U.N. Reports Growing Inequality Among Children in Rich Nations



The wealthiest nations are failing the most disadvantaged of their children, the United Nations reported Wednesday in a study that showed widening disparities even between the middle and lowest household income levels.

The study, published by the United Nations Children’s Fund, or Unicef, focused not on the gap between the richest and poorest segments of societies but rather on the widening disparities between children at the bottom and their peers in the middle.

The purpose of the study, Unicef said in releasing the report, was to “highlight how far children are falling behind in the dimensions of income, education, health and life satisfaction.”

The study analyzed data from 41 countries of the European Union and the Organization for Economic Cooperation and Development. It found that incomes in households below the median had grown more slowly than those above it, “fueling increases in poverty and deprivation among children.”

While inequality gaps in child educational achievement narrowed between those in the lowest and middle groups in these countries, the study found that inequalities in health had widened.

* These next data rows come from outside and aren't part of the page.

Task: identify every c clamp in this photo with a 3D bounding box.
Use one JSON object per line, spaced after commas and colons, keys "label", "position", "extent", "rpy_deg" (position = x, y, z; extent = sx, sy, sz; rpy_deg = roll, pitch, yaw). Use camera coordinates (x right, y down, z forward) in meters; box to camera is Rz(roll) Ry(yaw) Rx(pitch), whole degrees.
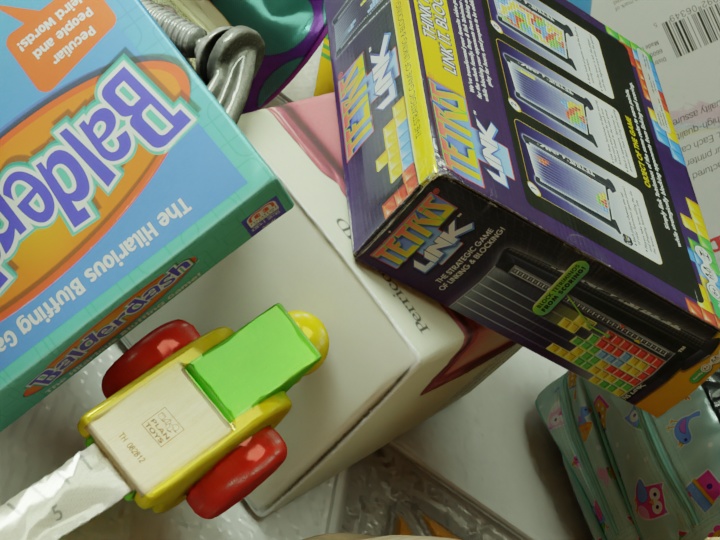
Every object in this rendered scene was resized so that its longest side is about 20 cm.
{"label": "c clamp", "position": [-0.115, -0.094, 0.750], "extent": [0.171, 0.027, 0.200], "rpy_deg": [-41, 55, -20]}

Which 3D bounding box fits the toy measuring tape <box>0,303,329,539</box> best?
{"label": "toy measuring tape", "position": [-0.088, 0.074, 0.670], "extent": [0.200, 0.074, 0.074], "rpy_deg": [-35, 80, -32]}

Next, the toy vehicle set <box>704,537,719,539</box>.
{"label": "toy vehicle set", "position": [0.125, 0.202, 0.648], "extent": [0.026, 0.124, 0.201], "rpy_deg": [1, 72, 1]}

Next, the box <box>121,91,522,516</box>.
{"label": "box", "position": [0.000, 0.000, 0.821], "extent": [0.128, 0.109, 0.200], "rpy_deg": [51, 29, 9]}

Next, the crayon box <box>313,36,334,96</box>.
{"label": "crayon box", "position": [0.039, -0.094, 1.048], "extent": [0.126, 0.052, 0.200], "rpy_deg": [35, 30, -18]}

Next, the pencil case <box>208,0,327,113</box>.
{"label": "pencil case", "position": [-0.105, -0.165, 0.916], "extent": [0.200, 0.093, 0.085], "rpy_deg": [40, -10, -12]}

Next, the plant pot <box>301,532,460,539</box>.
{"label": "plant pot", "position": [0.045, 0.167, 0.687], "extent": [0.200, 0.093, 0.201], "rpy_deg": [32, 31, -22]}

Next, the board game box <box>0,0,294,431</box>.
{"label": "board game box", "position": [-0.143, -0.057, 0.673], "extent": [0.200, 0.152, 0.045], "rpy_deg": [51, -3, 12]}

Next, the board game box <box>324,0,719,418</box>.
{"label": "board game box", "position": [0.068, -0.053, 0.806], "extent": [0.165, 0.057, 0.200], "rpy_deg": [27, 35, -26]}

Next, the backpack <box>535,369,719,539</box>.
{"label": "backpack", "position": [0.174, 0.096, 0.905], "extent": [0.167, 0.126, 0.200], "rpy_deg": [28, 31, -49]}

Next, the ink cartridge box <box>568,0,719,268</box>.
{"label": "ink cartridge box", "position": [0.182, -0.108, 1.080], "extent": [0.201, 0.146, 0.146], "rpy_deg": [63, 20, -13]}

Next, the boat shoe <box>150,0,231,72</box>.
{"label": "boat shoe", "position": [-0.140, -0.134, 0.849], "extent": [0.200, 0.073, 0.065], "rpy_deg": [35, 32, -8]}

In an overall ranking of the countries, Denmark is the leader, with relatively narrow inequality gaps between children at the low end of income distribution and those in the middle. The overall ranking is weakest for Turkey and Israel, which have the widest inequality gaps.

Disparities in child health, derived from a survey of school-age children that measured the frequency of their health complaints, widened in a majority of the countries, the study showed. The smallest gaps between children at the low end of income levels and those in the middle were found in Austria, Germany and Switzerland, and the largest were in Turkey and Israel.

The study also showed that Canada, France, Iceland and Sweden had fallen in the overall rankings when compared with their performances in recent years. France and Canada, which had been ranked in the middle of the rankings, now are in the bottom third. Iceland and Sweden, which had been toward the top, now are barely above the bottom third.

In the household income category, two of the wealthiest countries — Japan and the United States — were in the bottom third in terms of the relative income gap, which reflects how far the poorest children have fallen behind those in the middle tier. In the United States, the household income disparity between the poorest children and those in the middle is nearly 59 percent, and in Japan it is slightly higher.